Jack Dee is the self-proclaimed “grumpiest man in comedy”. He wrote and starred in the sitcoms Lead Balloon and Bad Move, and hosts the panel show I’m Sorry I Haven’t A Clue on BBC Radio 4. A long-time regular on stages and television screens, he won the inaugural Celebrity Big Brother in 2001.
His latest book, What is Your Problem? Comedy’s little ray of sleet grapples with life’s major dilemmas (£20, Quercus), sees the 60-year-old father of four offer satirical advice for personal struggles and social dilemmas.
Best way of dealing with life’s challenges?
Humour. Too often we think of a problem as something to fret over. Sometimes, it’s better to stand back and laugh at your own problems. It can lend you a certain perspective that you may not have had before, if you’re able to laugh about something. We don’t do it enough.
Treasured childhood memory?
I used to love it when my grandfather would tell funny stories. I can still tell his tales today, word for word, and I think his way of speaking sparked something for me. My elder brother was very witty and funny, so I grew up listening to their banter.
Best thing about fatherhood?
As soon as I became a dad, I understood why people struggle in life sometimes, but do it because they have a purpose. It was an eye-opener how much of a priority and a driving force it becomes in your life.

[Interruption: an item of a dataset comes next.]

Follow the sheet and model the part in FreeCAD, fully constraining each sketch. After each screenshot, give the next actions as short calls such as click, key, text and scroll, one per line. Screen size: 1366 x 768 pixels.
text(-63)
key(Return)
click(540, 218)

It’s made me a nicer person. The older I get, the more generously disposed I am to people.
Favourite night out?
My favourite thing to do is to go to the cinema with my wife. Sometimes we go once a week. I love the immediate simplicity of arranging to go to the cinema, and the accessibility versus going to the theatre. You set aside time to see something at the cinema – we don’t do that with telly anymore, because everything is available on demand. My family and I spend a lot of time in West Sussex, and go to the independent Chichester Cinema at New Park.
The ultimate music genre?
I can spend hours listening to American folk music and playing guitar. What I love most about it is that it’s about storytelling. I’ve been listening to Steve Earle constantly recently. Any good song has an element of story in it. If it doesn’t, it can’t be a good song.

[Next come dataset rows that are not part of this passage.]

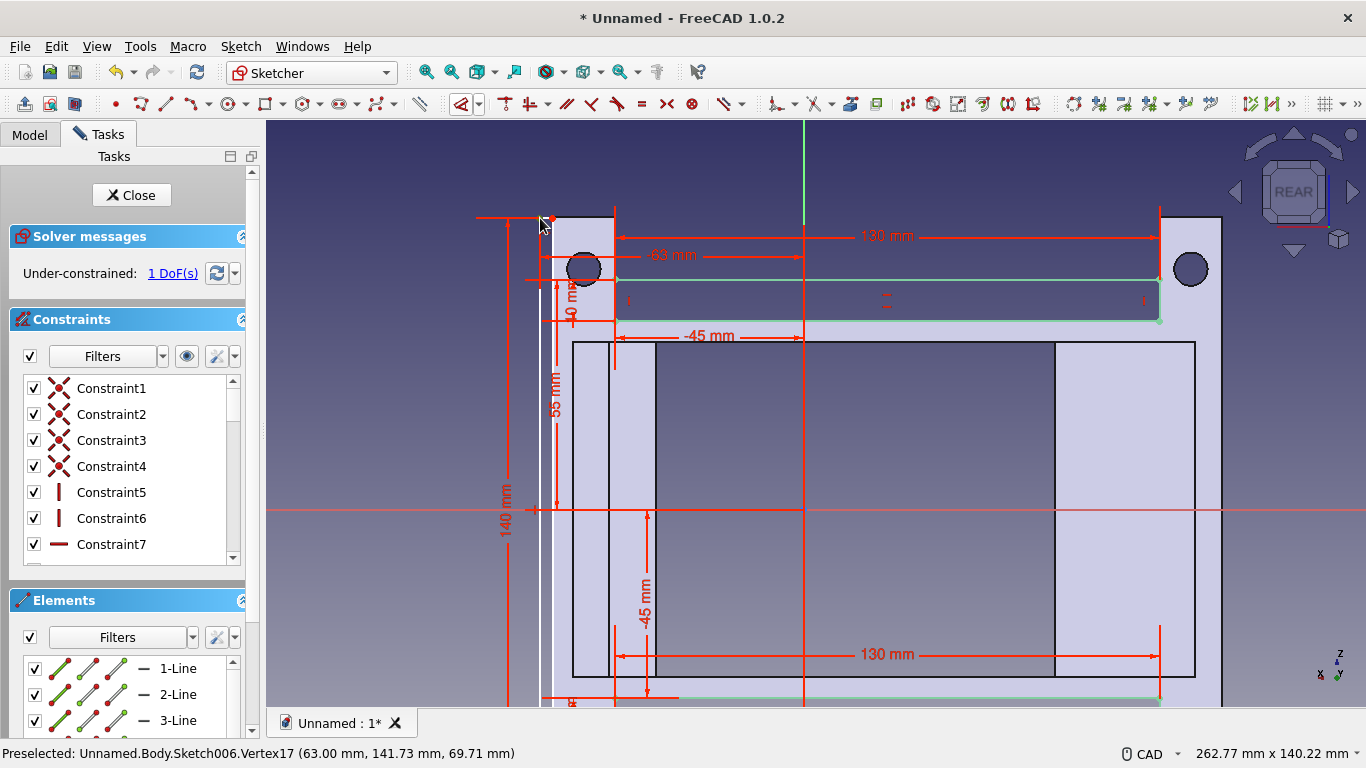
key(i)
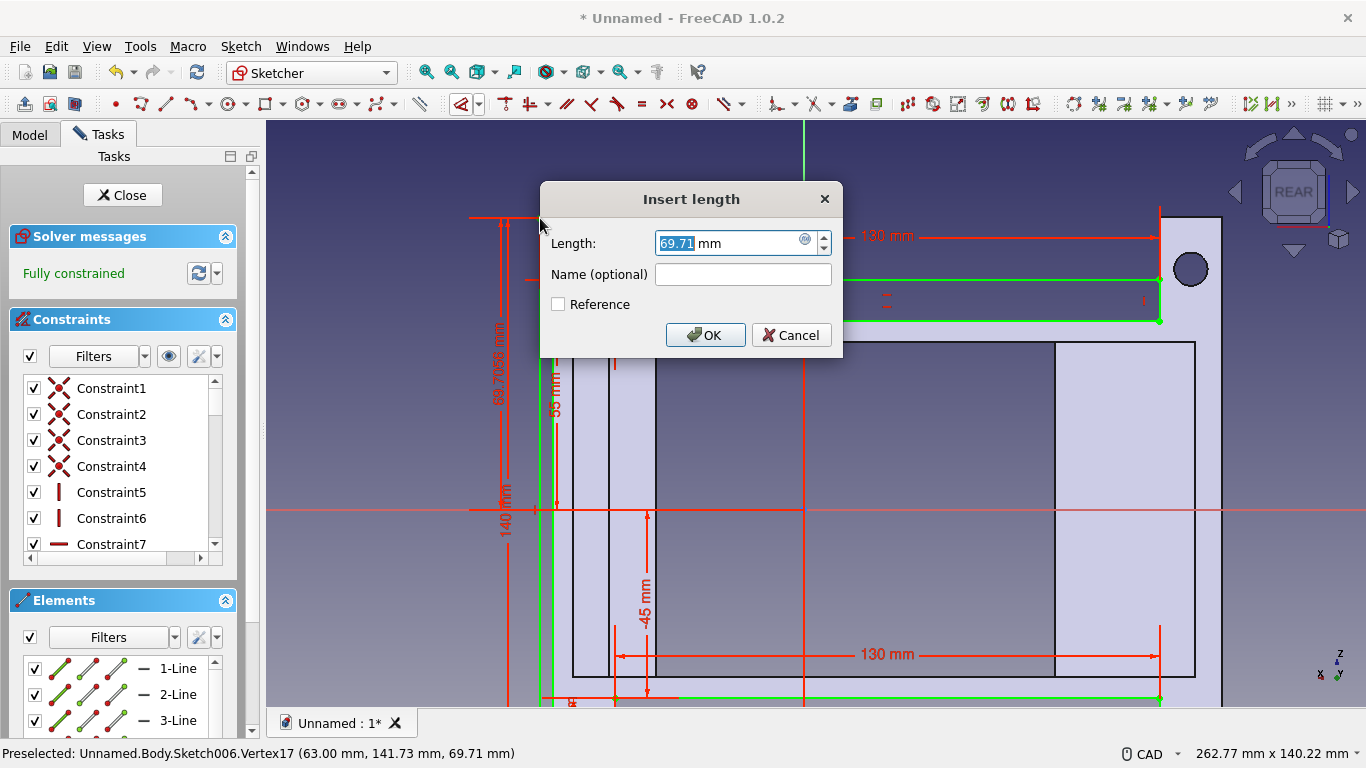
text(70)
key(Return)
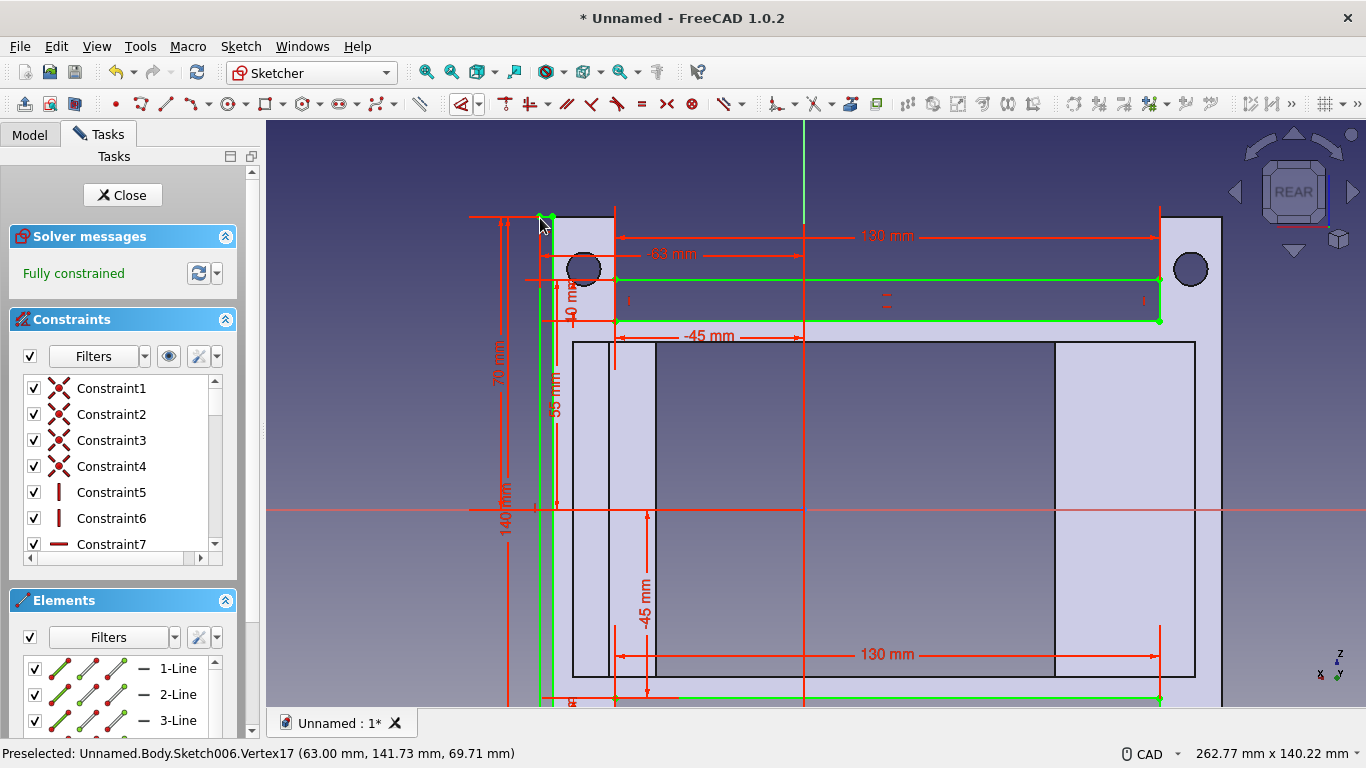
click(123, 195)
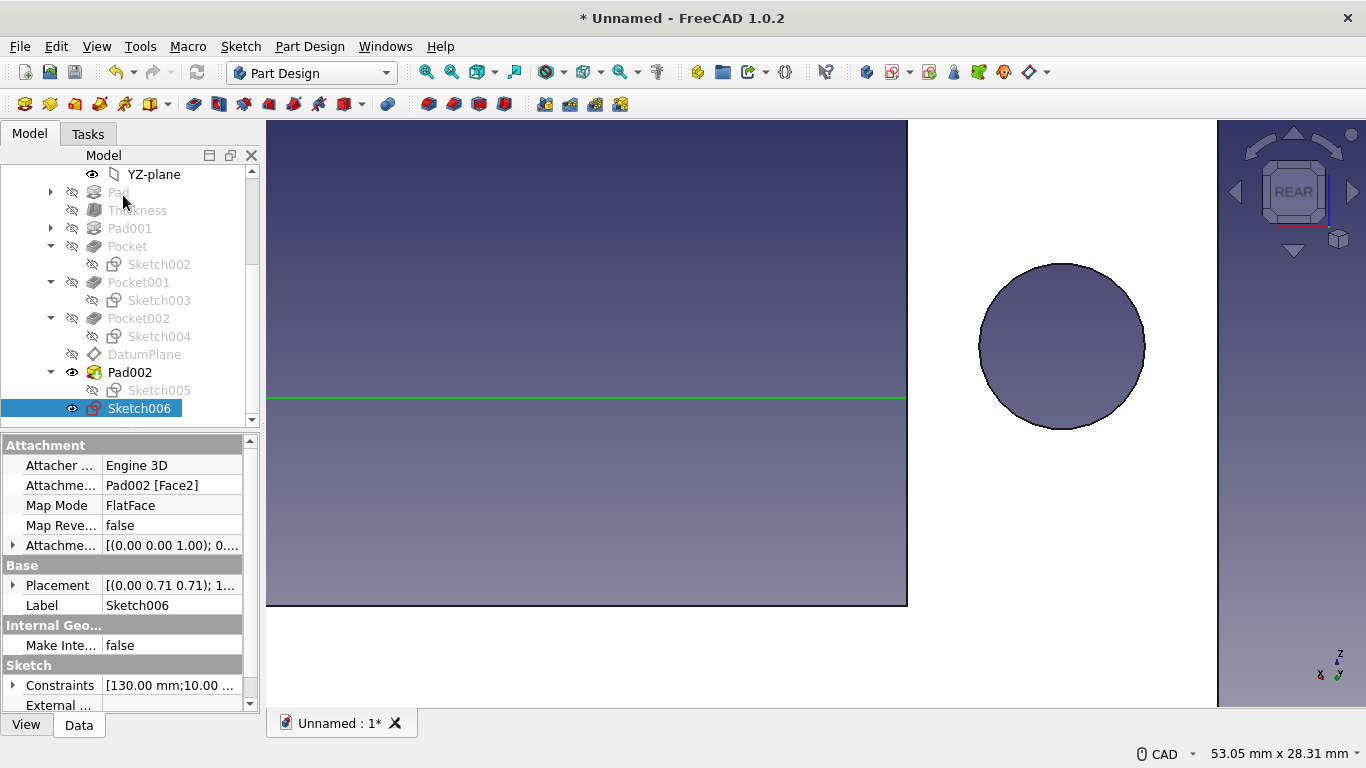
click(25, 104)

Worst thing about stand-up?
It’s exhilarating to come up with something you think is funny, articulate it on stage and as a result experience a sense of communion with the audience when they relate to what you’re saying and find it funny as well. Of course, when I started out I had terrible gigs. I’d die on my arse and forget what I wanted to say. Figuring out what went wrong and putting it right helped me to build resilience on stage, become a better performer and not see it as something to fear. The worst thing about it is spending long periods of time in hotel rooms, and travelling on your own.
Worst trip of your life?
We went on holiday to Portugal once to a bloody awful all-inclusive resort. At about 11 o’clock in the morning, there’d be horrible sunburnt blokes drinking lager at the pool bar with no shirts on. My wife looked out one morning and realised one of them was me. I was so bored I’d morphed into one. It was a hideous disaster and the kids didn’t even like it.
Worst thing about modern life?
It’s so upsetting when people constantly look at their phones. You can be talking about anything in the world, and before you know it someone has whipped out a phone to Google something. We don’t have to remember anything or retain any information any more, so we’re losing the ability. It makes me demented when people let their children play video games on iPads in restaurants.
Your worst characteristic?
I can be quite impetuous and even capricious. I’ll get really enthusiastically into something, and then drop the idea. I’ve started countless sports and hobbies that way, like tennis. I have very little sporting talent, so I got really good at having tennis lessons, but not very good at tennis. I did it every day and then got frustrated.
The absolute worst
There are very few good things about reality TV. The worst thing is that it’s so omnipresent. The new generation of contestants are camera-savvy and have been raised on a diet of reality TV, so they speak the language. It’s become semi-performative. When I did Celebrity Big Brother for Comic Relief in 2001, it was a novelty, an experiment. I feel eternally guilty that I played a part in making it popular.